Turning to the issue of the minister’s power to terminate the CEO for unsatisfactory performance, I noted Senator Abetz’s earlier comments in relation to this provision. It is not a provision that allows for capricious action by the minister, nor does it say that. It refers to where there is unsatisfactory performance by a CEO. It is certainly not unreasonable for the minister to have the power to terminate the appointment of a CEO who is not performing. That would of course be subject to all the usual laws that apply to such action that may be taken by either party in response to this. It is quite a big step to take, and the usual safeguards continue to apply. It is not about taking capricious action in this area. It is therefore not one of those areas that you would expect to be exercised often.

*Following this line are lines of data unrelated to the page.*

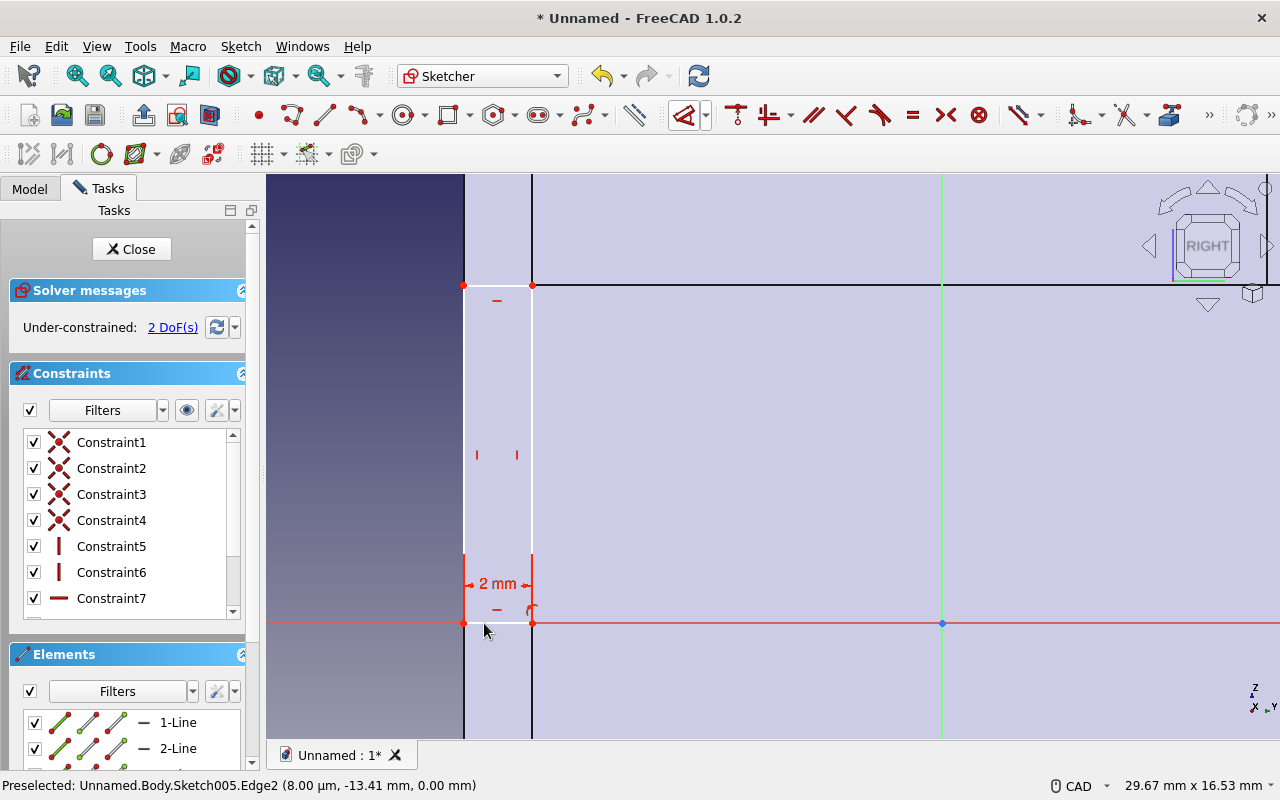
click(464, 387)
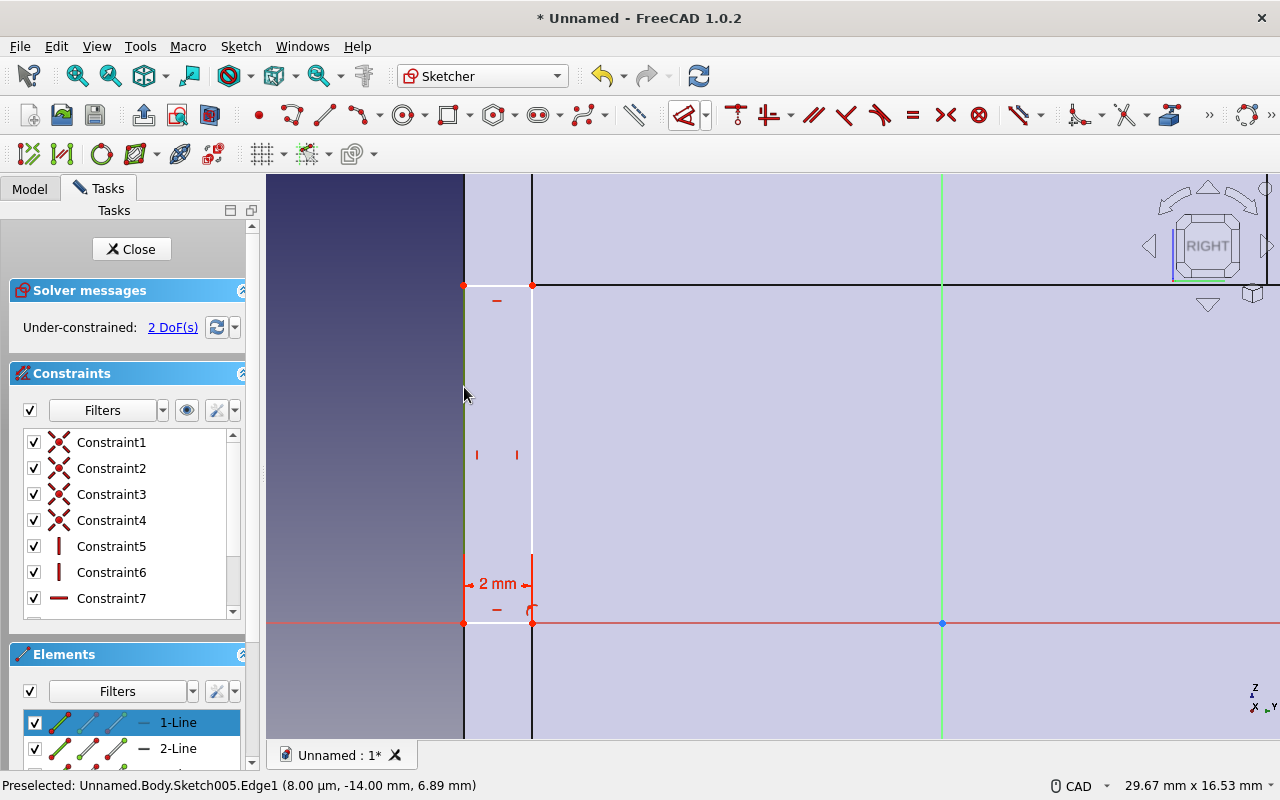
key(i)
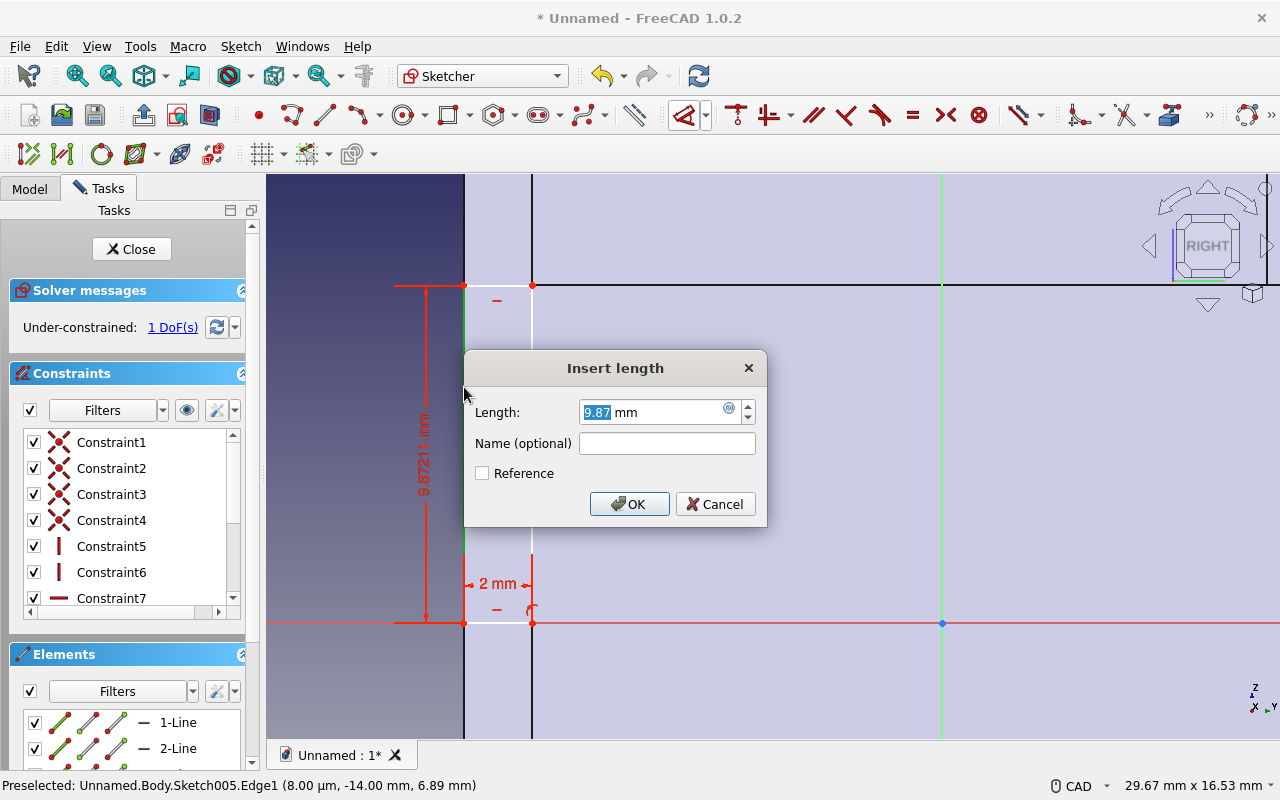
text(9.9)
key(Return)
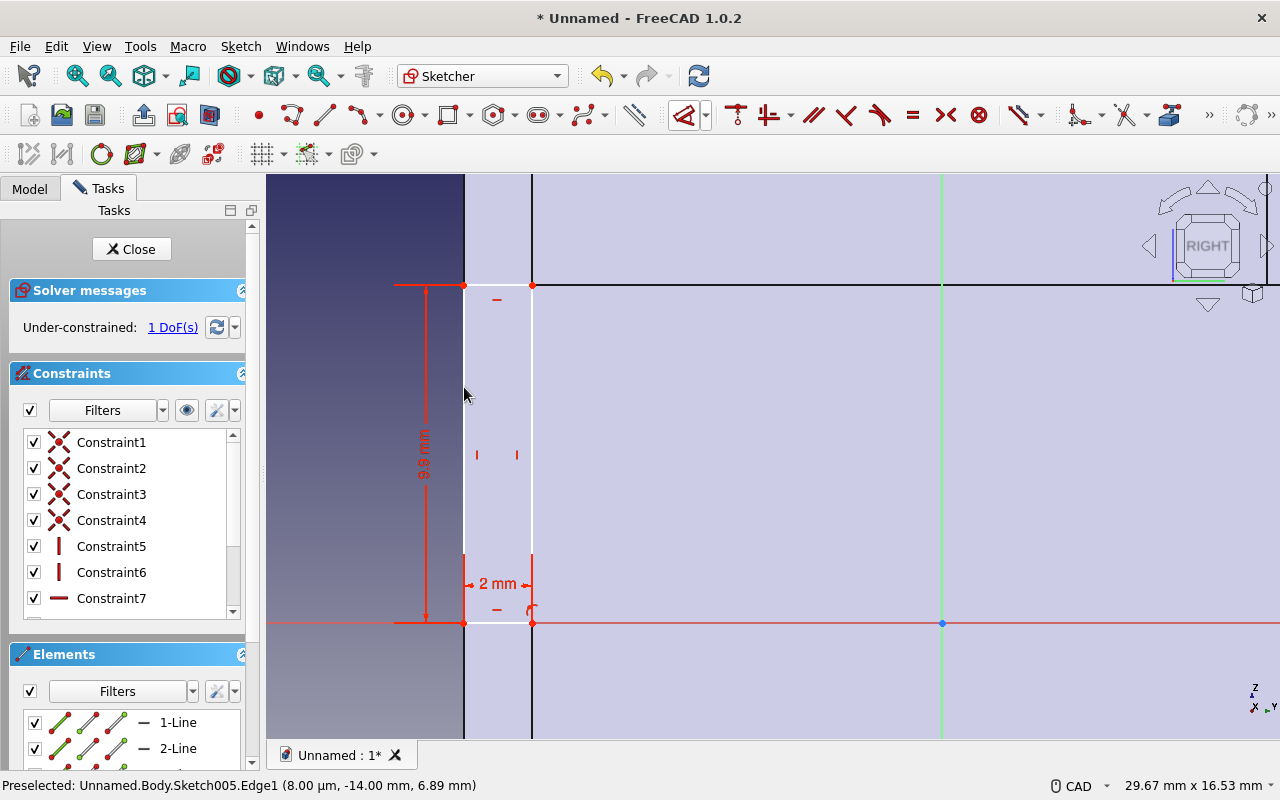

I will stop there, and we will go back a fraction to what this is all about. It is about moving forward with the states and territories in relation to providing an outcome—that is, Safe Work Australia providing the facilitative mechanism to bring forward codes of practice and OH&S legislation. If the minister is not delivering in respect of that and the CEO is not in tune and delivering those outcomes, it is not unreasonable for the minister to start to question why. Certainly the states and territories would be seeking an answer to that question. And, of course, when you talk about the issues that surround procedural fairness, they are embodied in law. They will apply as usual so that people can answer the questions if they are put forward.
The short answer is that it is not unreasonable to have such a provision, given the position the CEO will have and the requirements to have that outcome—that is, delivering OH&S harmonised legislation, including codes of conduct for and on behalf of the Commonwealth, the states and the territories.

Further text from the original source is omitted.